Mead's Bakery, Inc. v. Commissioner of Internal Revenue

364 F.2d 101, 18 A.F.T.R.2d (RIA) 5205, 1966 U.S. App. LEXIS 5443
CourtCourt of Appeals for the Fifth Circuit
DecidedJuly 19, 1966
Docket21996_1
StatusPublished
Cited by27 cases

This text of 364 F.2d 101 (Mead's Bakery, Inc. v. Commissioner of Internal Revenue) is published on Counsel Stack Legal Research, covering Court of Appeals for the Fifth Circuit primary law. Counsel Stack provides free access to over 12 million legal documents including statutes, case law, regulations, and constitutions.

Bluebook
Mead's Bakery, Inc. v. Commissioner of Internal Revenue, 364 F.2d 101, 18 A.F.T.R.2d (RIA) 5205, 1966 U.S. App. LEXIS 5443 (5th Cir. 1966).

Opinion

MORGAN, District Judge.

Mead’s Bakery, Inc., petitions for a review of a decision of the Tax Court involving deficiencies in its corporate income for its taxable years ended April 30,1956,1957, and 1958, in the respective amounts of $41,735.30, $24,240.14, and $8,328.75. The decision of the Tax Court we are called upon to review under Section 7482 of the Internal Revenue Code of 1954 was entered on April 22, 1964, and in its “Memorandum of Findings of Fact and Opinion” comprising 34 pages of the printed record, 1 the Tax Court concluded that the amounts advanced to petitioner’s affiliate, in each of the years in question, represented, unreasonable accumulation of earnings, and that petitioner, during the years in issue, was availed of for the purpose of avoiding the income tax with respect to its shareholders. The Tax Court held, however, that the earnings retained by taxpayer in excess of the amounts advanced to its affiliate were retained to meet the reasonable needs of its business, and taxpayer is entitled to an accumulated earnings credit based thereon.

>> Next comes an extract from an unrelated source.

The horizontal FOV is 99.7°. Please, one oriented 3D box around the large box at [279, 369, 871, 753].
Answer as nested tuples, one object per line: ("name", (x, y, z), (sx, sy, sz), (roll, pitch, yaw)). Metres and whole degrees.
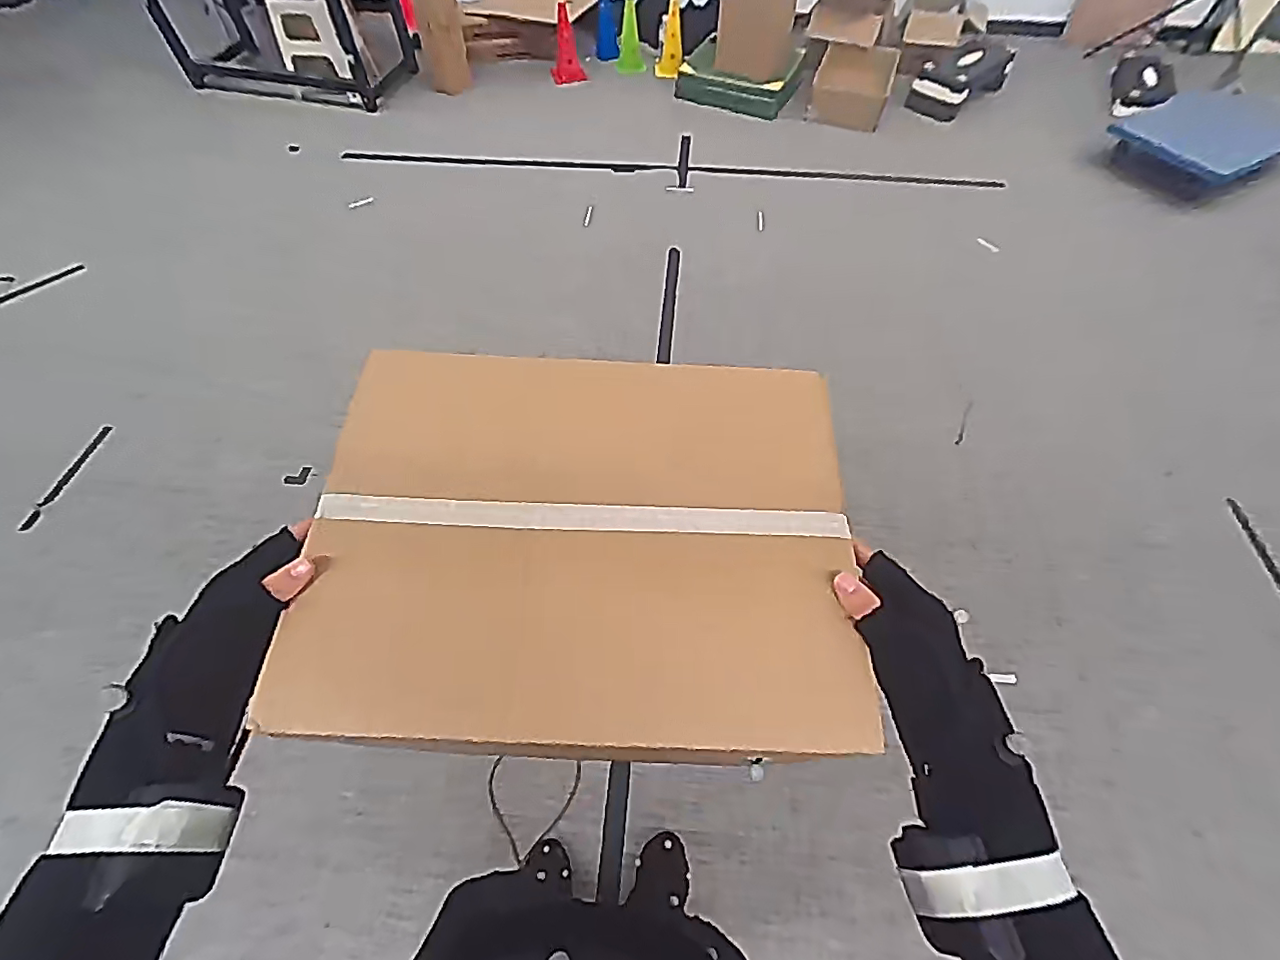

The petitioner was incorporated as a Delaware corporation on April 27, 1955. Shortly after it was incorporated, it acquired, in a tax-free reorganization, the assets of (and assumed the liabilities of) four predecessor corporations which were then dissolved, the taxpayer’s stock being distributed among their stockholders. The taxpayer’s stock is owned approximately as follows: E. P. Mead, taxpayer’s president, 60 percent; Ed V. Mead, his son and vice-president, 31 percent; and the remaining stock is held by other members of the Mead family.

The Mead family has been engaged in the manufacture and wholesale distribution of bread in the southwest since at least 1938. They began as a sole proprietorship, and later conducted business through four predecessor corporations. Between 1938 and May 1, 1955, they acquired 21 bakery plants, 14 of which were acquired since 1946. Since 1938 to the present time, the Mead family’s activities in this business reflect sustained growth, expansion and diversification.

As of May 1, 1955, much of the taxpayer’s plant equipment was in need of replacement. The acquisition of the 14 plants since 1946 had, however, depleted the former corporations’ earnings and adversely affected their ability to add to and replace equipment from 1946 to 1955. Taxpayer’s management estimated that, upon an acquisition, losses equal to acquisition costs would be incurred before the new plant would operate on a profitable basis.

In July, 1955, the taxpayer found its cash balances insufficient for purposes of conducting business and, accordingly, borrowed funds to obtain working capital. However, because of the terms of several of the loans which it obtained for this purpose, the taxpayer in effect was unable to expand by means of debt financing, and, thus, during the period of these loans, the taxpayer could finance the acquisition of new plants, diversifica *103 tion into new lines of business, or the purchase of equipment to any substantial extent only by retaining earnings.

Because of population growth in the cities served by the taxpayer’s principal bakeries, new routes had to be continuously developed to meet competition at a cost of approximately $10,000.00 for each new route. The Tax Court found that 41 new routes were added during the first tax year in question. Simple computation shows an expense of $410,000.00 was thus incurred.

The taxpayer’s expenditures for additions to its existing plants and equipment during the years in question necessitated by competitive pressures, rising costs, and increasing populations of the cities it served, exceeded its depreciation allowed during this period by $170,-000.00.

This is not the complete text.